Sem dúvidas, o turbulento ambiente econômico de hoje está gerando novos desafios para a aviação, setor que ainda se recupera dos impactos devastadores causados pela COVID-19. Operando com margens reduzidas e uma meta ambiciosa de alcançar carbono net zero até 2050, é possível à indústria garantir seu sucesso e crescimento a longo prazo após a pandemia?

Acreditamos que o crescimento e a sustentabilidade da indústria não são excludentes, mas para alcançar ambos, devemos começar agora.

A recuperação da aviação e os benefícios para a economia mundial

Os dados da SITA mostram que a recuperação da indústria, em 2022, está em andamento: em 2021, o tráfego aéreo mundial estava a 64% dos níveis pré-pandêmicos, mas ainda 18% acima dos números de 2020. Os indicativos são encorajadores para 2022 e aos anos seguintes. Além disso, está evidente que as companhias aéreas estão enfrentando mais um ano de impactos econômicos adversos, o que gera uma pressão crescente sobre seus custos e atividades. Em 2021, o impacto da pandemia resultou em perdas de mais de US$ 51,8 bilhões para as empresas aéreas, embora significativamente menores do que em 2020, quando, pela primeira vez, a pandemia afetou o mundo.

Em particular, observamos um aumento expressivo nos preços dos combustíveis, um dos maiores custos já registrados para as aéreas.
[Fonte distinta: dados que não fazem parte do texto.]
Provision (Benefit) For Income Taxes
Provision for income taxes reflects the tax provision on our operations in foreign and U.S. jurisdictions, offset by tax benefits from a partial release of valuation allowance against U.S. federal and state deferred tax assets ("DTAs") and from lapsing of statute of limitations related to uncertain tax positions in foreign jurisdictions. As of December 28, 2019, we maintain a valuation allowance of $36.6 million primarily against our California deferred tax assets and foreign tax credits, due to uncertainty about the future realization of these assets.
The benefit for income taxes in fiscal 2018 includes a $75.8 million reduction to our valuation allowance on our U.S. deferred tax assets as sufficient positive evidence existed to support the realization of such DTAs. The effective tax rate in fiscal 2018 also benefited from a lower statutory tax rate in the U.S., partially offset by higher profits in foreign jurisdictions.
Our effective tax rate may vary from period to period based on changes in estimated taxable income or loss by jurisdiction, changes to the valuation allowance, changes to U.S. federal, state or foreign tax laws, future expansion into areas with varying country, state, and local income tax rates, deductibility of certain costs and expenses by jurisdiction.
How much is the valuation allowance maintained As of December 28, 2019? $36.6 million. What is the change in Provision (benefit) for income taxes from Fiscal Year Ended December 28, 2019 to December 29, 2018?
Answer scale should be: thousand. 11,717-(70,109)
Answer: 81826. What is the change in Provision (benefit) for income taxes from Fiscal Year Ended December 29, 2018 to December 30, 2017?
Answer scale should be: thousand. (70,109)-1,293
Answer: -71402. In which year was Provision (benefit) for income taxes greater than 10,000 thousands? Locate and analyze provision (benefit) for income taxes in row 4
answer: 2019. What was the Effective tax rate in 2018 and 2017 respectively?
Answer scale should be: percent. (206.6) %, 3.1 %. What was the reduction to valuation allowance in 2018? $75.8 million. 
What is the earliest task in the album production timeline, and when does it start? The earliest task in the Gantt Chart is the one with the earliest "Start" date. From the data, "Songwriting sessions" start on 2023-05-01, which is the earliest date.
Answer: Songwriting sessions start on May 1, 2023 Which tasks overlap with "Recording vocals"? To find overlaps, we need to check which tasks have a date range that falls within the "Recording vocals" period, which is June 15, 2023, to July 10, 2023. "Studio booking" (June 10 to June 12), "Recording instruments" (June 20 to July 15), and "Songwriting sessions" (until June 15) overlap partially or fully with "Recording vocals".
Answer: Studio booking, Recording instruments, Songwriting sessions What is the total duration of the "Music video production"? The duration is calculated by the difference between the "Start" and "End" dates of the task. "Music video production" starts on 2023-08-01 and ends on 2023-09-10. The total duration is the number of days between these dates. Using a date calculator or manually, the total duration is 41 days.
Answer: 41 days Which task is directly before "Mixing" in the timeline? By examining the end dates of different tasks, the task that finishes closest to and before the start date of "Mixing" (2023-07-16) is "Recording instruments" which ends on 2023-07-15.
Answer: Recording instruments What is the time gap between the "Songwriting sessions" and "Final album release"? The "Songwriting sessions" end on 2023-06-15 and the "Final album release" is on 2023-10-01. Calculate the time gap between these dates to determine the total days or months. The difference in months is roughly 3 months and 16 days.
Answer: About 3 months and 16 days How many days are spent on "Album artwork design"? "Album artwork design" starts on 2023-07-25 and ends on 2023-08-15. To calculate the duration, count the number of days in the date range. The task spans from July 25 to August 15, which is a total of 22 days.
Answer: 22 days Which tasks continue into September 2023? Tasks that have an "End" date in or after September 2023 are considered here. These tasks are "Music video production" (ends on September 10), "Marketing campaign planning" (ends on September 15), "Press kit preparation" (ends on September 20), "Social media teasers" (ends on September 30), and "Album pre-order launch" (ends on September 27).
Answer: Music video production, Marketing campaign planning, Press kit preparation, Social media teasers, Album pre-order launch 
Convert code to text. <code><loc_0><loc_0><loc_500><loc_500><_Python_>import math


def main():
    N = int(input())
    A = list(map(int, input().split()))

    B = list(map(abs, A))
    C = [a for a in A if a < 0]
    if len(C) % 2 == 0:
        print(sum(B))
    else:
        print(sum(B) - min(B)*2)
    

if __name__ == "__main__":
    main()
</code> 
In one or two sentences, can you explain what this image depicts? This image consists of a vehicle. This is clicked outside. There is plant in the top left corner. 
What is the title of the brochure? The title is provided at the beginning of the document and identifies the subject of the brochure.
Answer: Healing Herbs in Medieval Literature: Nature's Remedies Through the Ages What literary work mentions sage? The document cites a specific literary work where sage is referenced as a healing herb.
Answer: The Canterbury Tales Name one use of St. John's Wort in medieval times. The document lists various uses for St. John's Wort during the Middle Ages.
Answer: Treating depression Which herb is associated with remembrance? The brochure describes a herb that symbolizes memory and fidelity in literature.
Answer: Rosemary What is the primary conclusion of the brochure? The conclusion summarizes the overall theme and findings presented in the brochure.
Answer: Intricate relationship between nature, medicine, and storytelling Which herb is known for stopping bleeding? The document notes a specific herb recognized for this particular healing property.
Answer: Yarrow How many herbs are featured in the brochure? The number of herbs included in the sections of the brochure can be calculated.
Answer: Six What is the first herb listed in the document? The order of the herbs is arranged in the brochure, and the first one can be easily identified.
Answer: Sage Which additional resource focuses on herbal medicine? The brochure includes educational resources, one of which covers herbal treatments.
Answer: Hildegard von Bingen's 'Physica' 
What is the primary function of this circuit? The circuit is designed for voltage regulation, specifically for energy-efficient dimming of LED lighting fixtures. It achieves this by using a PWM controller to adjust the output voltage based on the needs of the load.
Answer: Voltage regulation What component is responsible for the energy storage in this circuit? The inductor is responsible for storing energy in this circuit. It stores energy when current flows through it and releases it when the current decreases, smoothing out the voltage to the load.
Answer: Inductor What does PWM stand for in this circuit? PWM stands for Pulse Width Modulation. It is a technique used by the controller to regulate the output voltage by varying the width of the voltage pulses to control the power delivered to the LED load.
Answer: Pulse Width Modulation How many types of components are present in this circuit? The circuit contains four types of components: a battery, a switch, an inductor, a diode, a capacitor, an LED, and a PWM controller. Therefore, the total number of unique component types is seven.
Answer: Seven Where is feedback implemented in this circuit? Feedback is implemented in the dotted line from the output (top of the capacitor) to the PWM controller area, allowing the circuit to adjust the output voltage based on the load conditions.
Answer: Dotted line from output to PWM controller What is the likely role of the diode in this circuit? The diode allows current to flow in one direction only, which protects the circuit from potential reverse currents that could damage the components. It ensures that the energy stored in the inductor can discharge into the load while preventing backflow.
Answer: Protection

Em abril de 2022, o preço médio do combustível de aviação era 118,5% maior ano a ano, gerando um encargo adicional de US$ 108,4 bilhões em nosso setor.

Dada a contribuição da aviação à economia global, participando com cerca de US$ 3,5 trilhões para o produto interno global (PIB) do planeta, a indústria ainda precisa planejar sua recuperação e crescimento, sem impactar negativamente o meio ambiente.

A sustentabilidade não é nova, nem proibitiva, para a aviação

O compromisso da indústria em atingir carbono net zero até 2050 (assumido em 2021) é desafiador, mas inevitável para lidar com as mudanças climáticas no ritmo e na escala exigidos por especialistas, compensando qualquer crescimento nas emissões da indústria no futuro.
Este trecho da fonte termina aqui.